* [What you will do]:
The records below need to come back exactly as they are, pictures omitted.

* [Listed entries]:
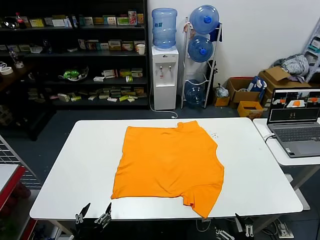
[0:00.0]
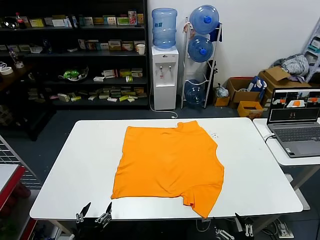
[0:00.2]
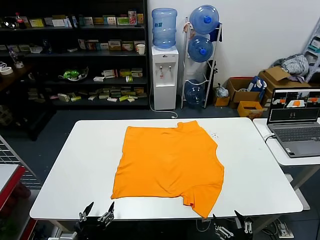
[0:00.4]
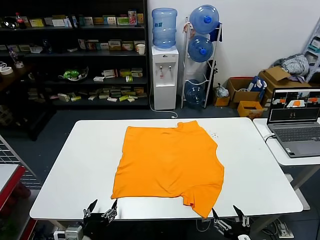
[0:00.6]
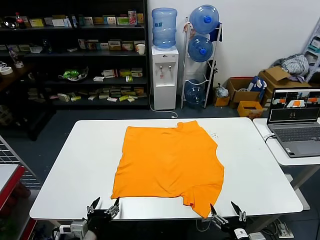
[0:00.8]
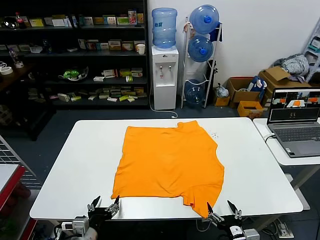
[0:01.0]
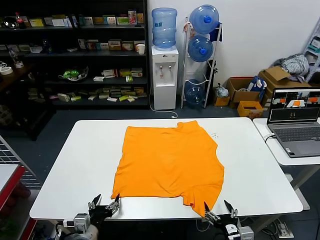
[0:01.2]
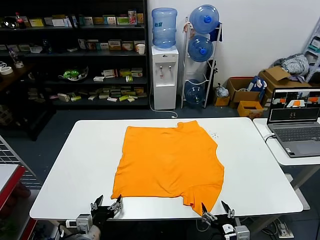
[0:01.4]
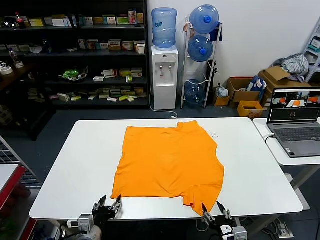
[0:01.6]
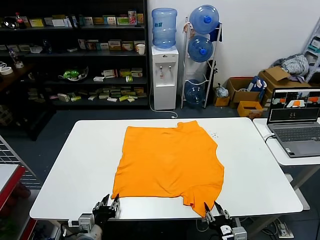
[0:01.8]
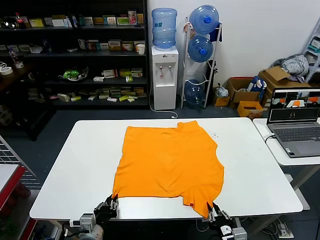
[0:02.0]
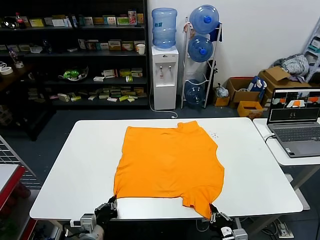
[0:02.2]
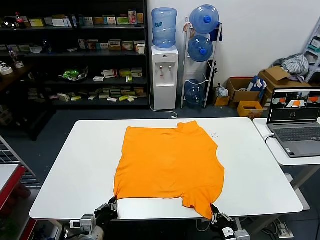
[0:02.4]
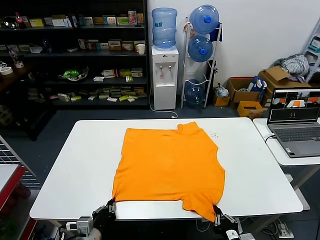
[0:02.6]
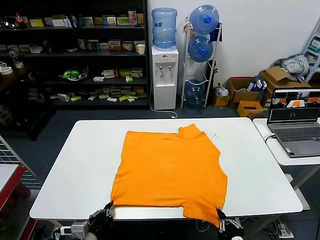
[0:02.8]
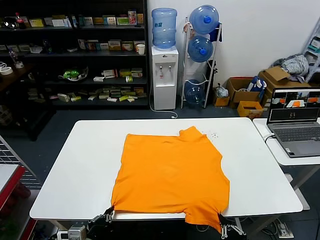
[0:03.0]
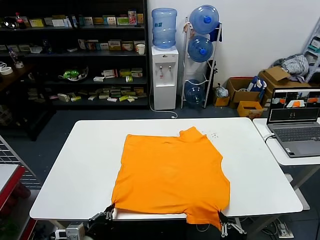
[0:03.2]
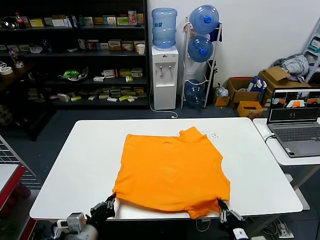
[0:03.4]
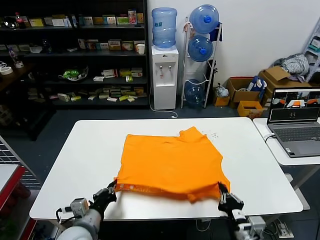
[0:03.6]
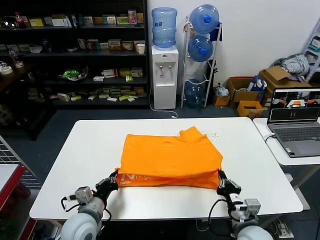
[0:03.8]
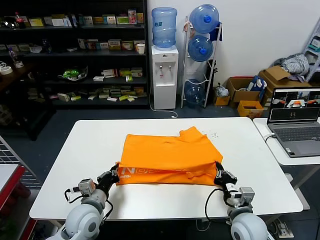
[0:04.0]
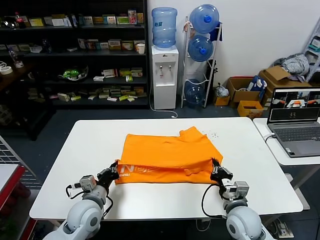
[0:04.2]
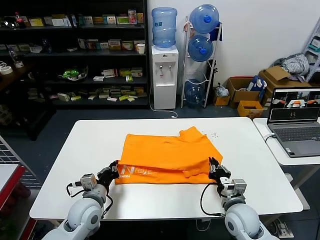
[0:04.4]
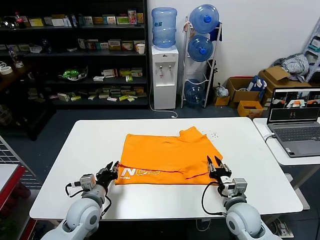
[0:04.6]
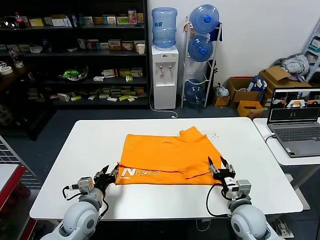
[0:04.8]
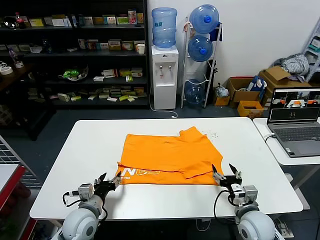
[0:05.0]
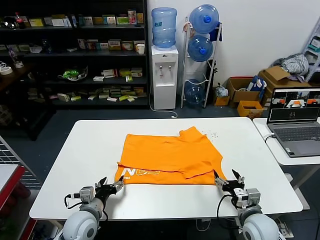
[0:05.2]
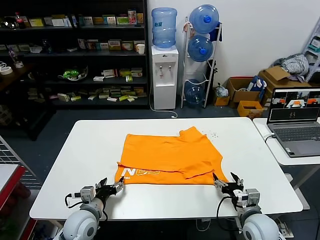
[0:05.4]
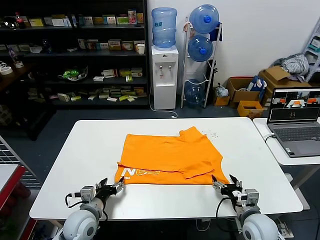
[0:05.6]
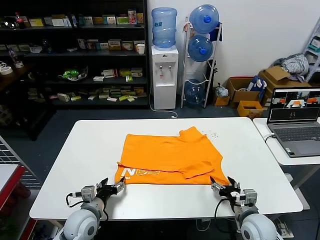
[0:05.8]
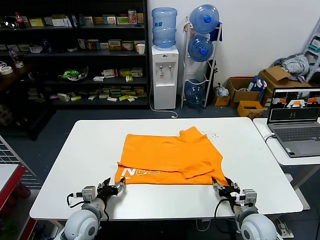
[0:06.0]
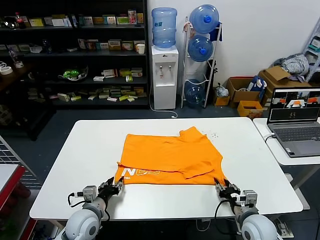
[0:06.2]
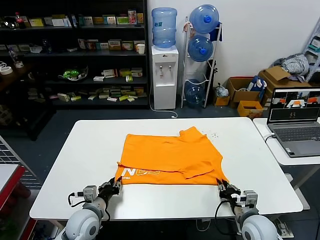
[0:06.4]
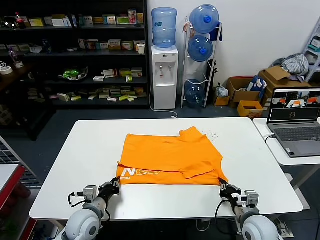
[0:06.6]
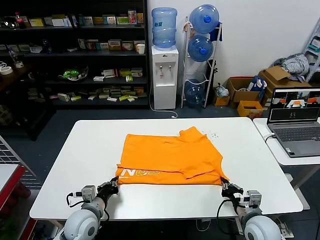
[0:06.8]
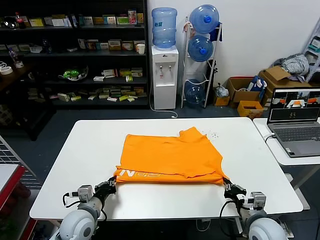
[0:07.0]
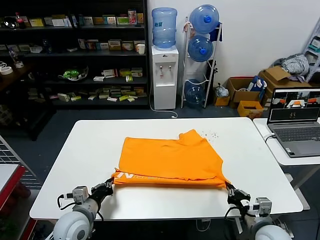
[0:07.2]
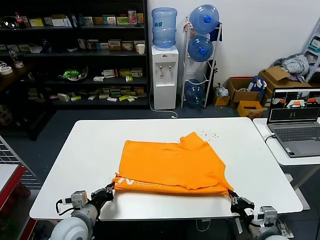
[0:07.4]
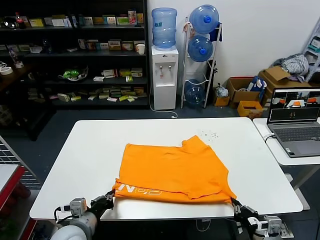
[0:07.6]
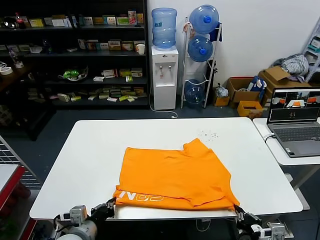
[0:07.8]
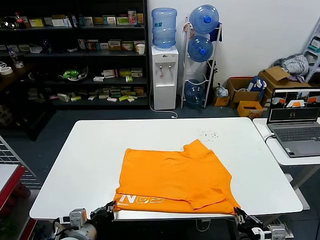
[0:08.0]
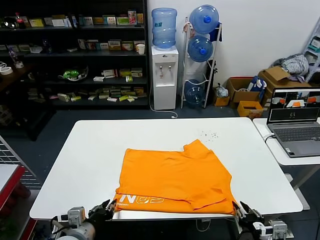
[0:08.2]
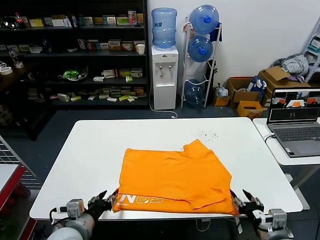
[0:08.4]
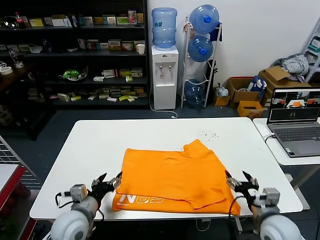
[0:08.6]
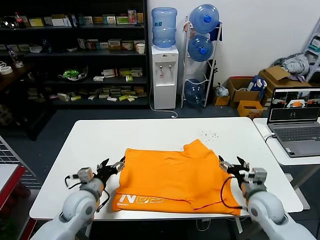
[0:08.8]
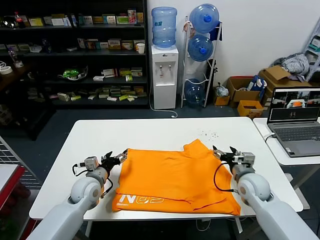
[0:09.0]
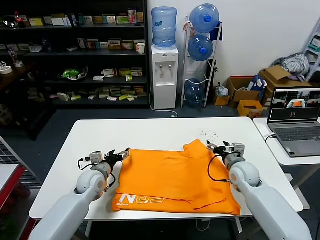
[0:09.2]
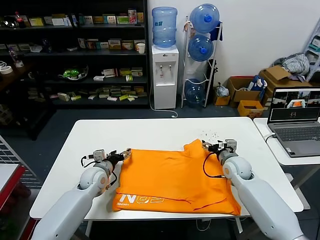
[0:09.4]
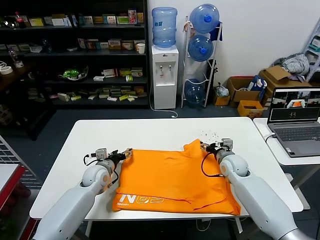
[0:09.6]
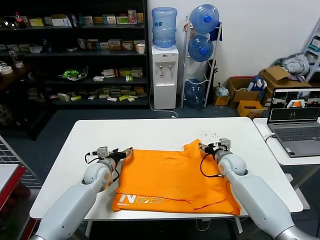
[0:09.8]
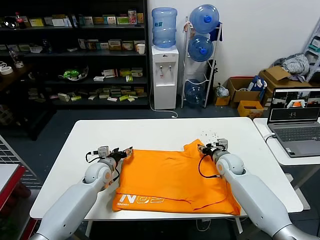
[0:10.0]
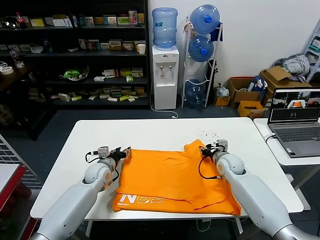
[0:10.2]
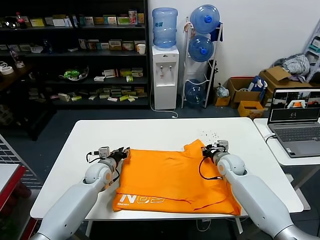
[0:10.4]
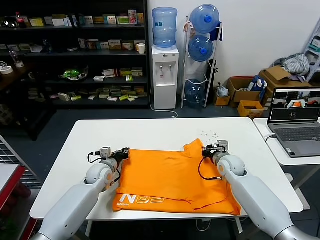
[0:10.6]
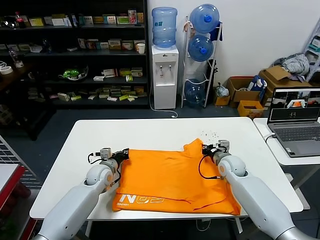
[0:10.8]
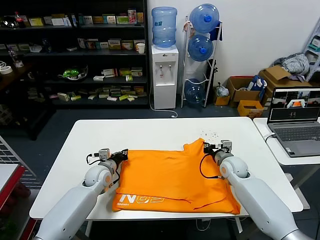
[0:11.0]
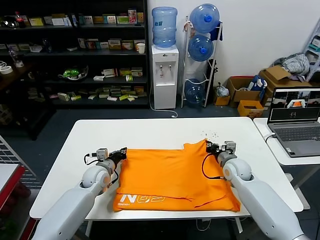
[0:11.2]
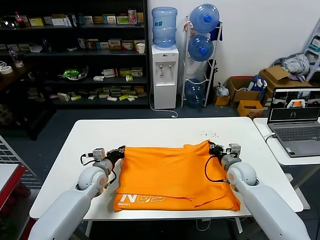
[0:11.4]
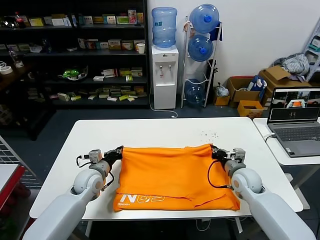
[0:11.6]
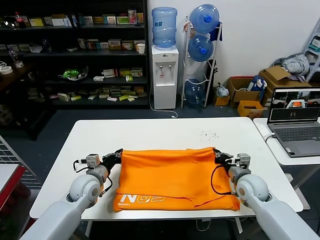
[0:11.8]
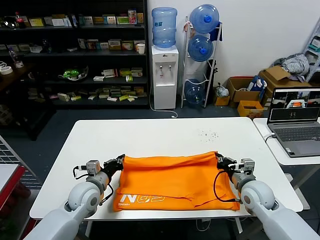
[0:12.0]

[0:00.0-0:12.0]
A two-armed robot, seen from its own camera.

* [Problem solution]:
[0:00.0]
[0:00.2]
[0:00.4]
[0:00.6]
[0:00.8]
[0:01.0]
[0:01.2]
[0:01.4]
[0:01.6]
[0:01.8]
[0:02.0]
[0:02.2]
[0:02.4]
[0:02.6]
[0:02.8]
[0:03.0]
[0:03.2]
[0:03.4]
[0:03.6]
[0:03.8]
[0:04.0]
[0:04.2]
[0:04.4]
[0:04.6]
[0:04.8]
[0:05.0]
[0:05.2]
[0:05.4]
[0:05.6]
[0:05.8]
[0:06.0]
[0:06.2]
[0:06.4]
[0:06.6]
[0:06.8]
[0:07.0]
[0:07.2]
[0:07.4]
[0:07.6]
[0:07.8]
[0:08.0]
[0:08.2]
[0:08.4]
[0:08.6]
[0:08.8]
[0:09.0]
[0:09.2]
[0:09.4]
[0:09.6]
[0:09.8]
[0:10.0]
[0:10.2]
[0:10.4]
[0:10.6]
[0:10.8]
[0:11.0]
[0:11.2]
[0:11.4]
[0:11.6]
[0:11.8]
[0:12.0]

[0:00.0-0:12.0]
A two-armed robot, seen from its own camera.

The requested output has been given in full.